This results in constant adaptations of her novel that rely on almost identical images of natural transcendence, beginning with an image from William Wyler’s hugely popular 1939 Hollywood version starring Laurence Olivier and Merle Oberon. It shows Cathy and Heathcliff together on the moors, which seems to encapsulate for many people what the novel is about. Most adaptations repeat this imagery, but you’d have to search hard to find it in the novel, as Cathy and Heathcliff aren’t really depicted as adult lovers frolicking on the moors.

This iconic imagery is not just due to Hollywood creating a visual “template” for the novel through romance; it’s also the product of how adapters have woven the myth of Emily as a transcendent noble savage into her own characters.

A more realistic Emily Bronte

A notable and recent exception is To Walk Invisible, the 2016 BBC biopic of the Brontes, in which the sisters are shown discussing the economic necessity of becoming writers. When debating whether to take up male pseudonyms, Emily, played by a straight-talking Chloe Pirrie, says:

When a man writes something it’s what he’s written that’s judged. When a woman writes something it’s her that’s judged.

This blunt assertion seems to summaries how authors of the past – particularly female authors – are dealt with: who they are as human beings and their specific cultural environment are often ignored. They are rendered harmless and powerless to speak to us in a politicized way about the past we’ve inherited, and about our own world. With Emily, the emphasis is instead on romanticizing the female author as a child-mystic, rather than focusing on her fiction as informed adult social critique.

Mythologizing an author like Emily Bronte may provide a consistent and comfortable way to “consume” famous writers in contemporary culture, but it does a disservice to the potential for a more complex dialogue between past and present – after all, the realities of power, race, gender and class that Bronte wrote about in the 19th century are still issues being tackled today.
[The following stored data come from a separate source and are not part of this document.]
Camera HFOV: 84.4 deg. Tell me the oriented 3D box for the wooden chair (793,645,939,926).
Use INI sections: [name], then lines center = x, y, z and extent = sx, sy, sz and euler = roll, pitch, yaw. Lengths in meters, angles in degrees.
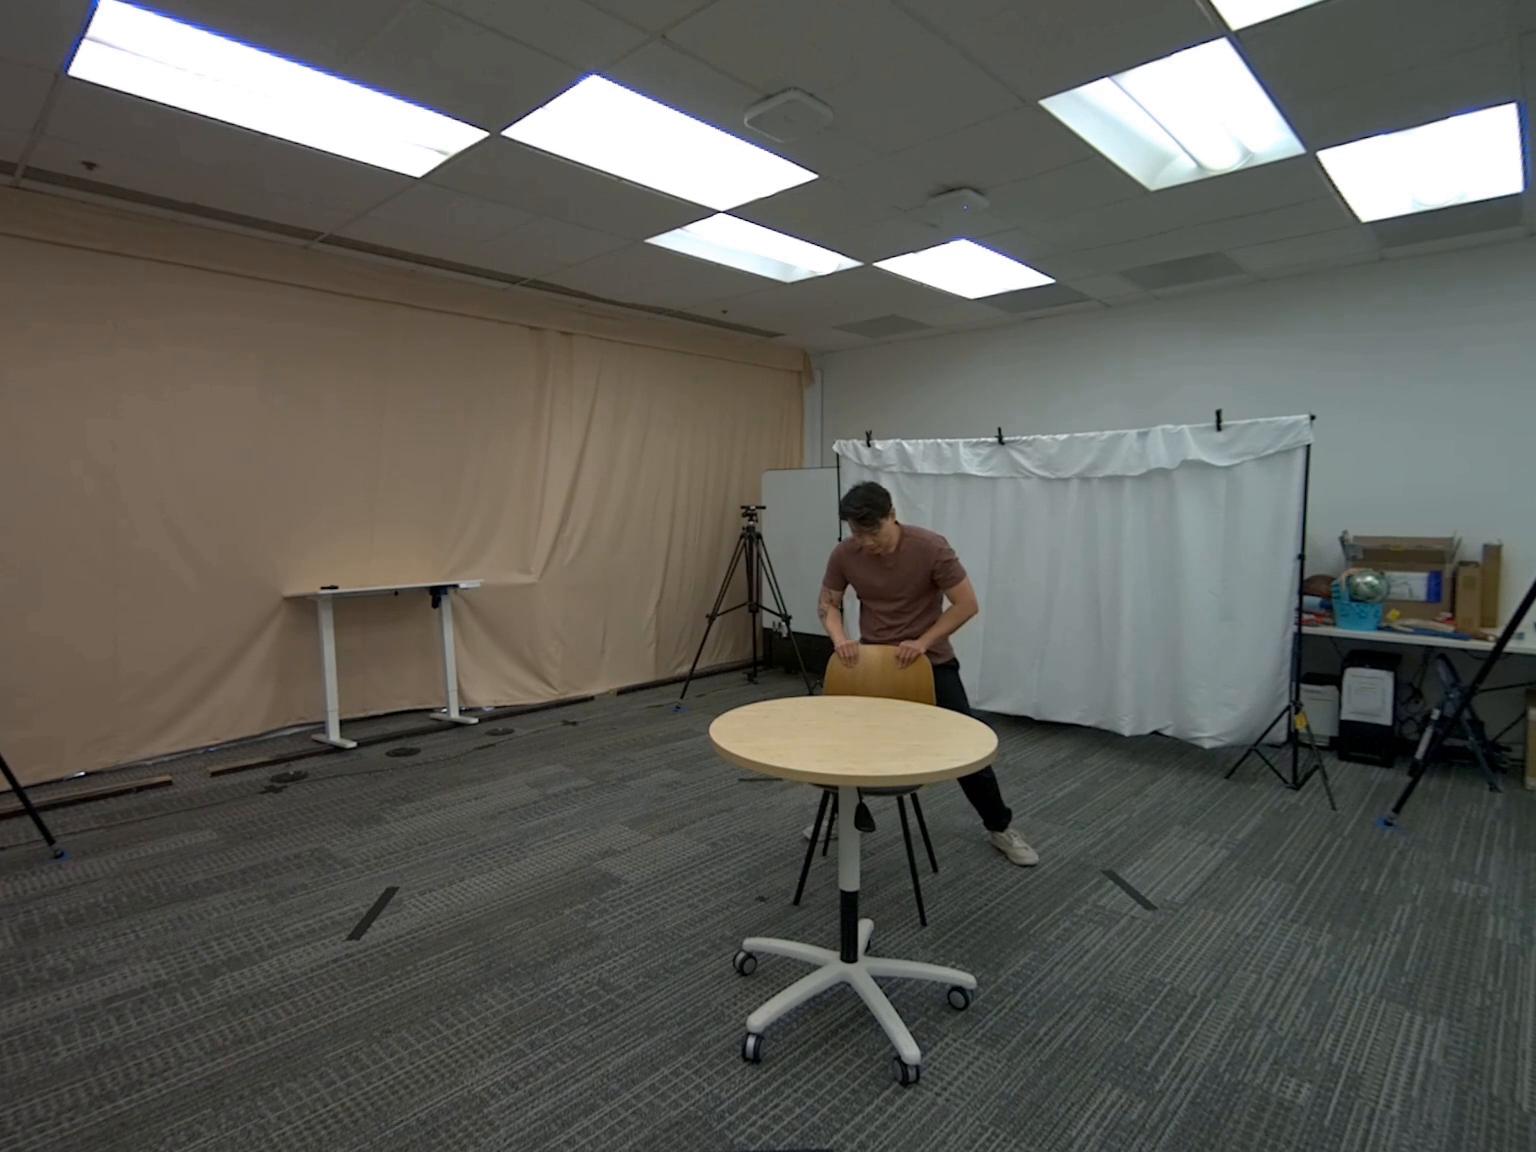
[wooden chair]
center = 0.375, 0.709, 3.023
extent = 0.488, 0.878, 0.512
euler = 1, -1, 19

The question is, in 2018, should adaptations continue to collude in the screen legacy of a “safe” Emily Bronte, viewed from a transcending distance, or could they consider a more dangerous, unpredictable Emily who compels the reader to examine forms of power and powerlessness in contemporary times? It’s time to shed the romance for the reality.

Hila Shachar, Senior Lecturer in English Literature, De Montfort University

This article was originally published on The Conversation. Read the original article.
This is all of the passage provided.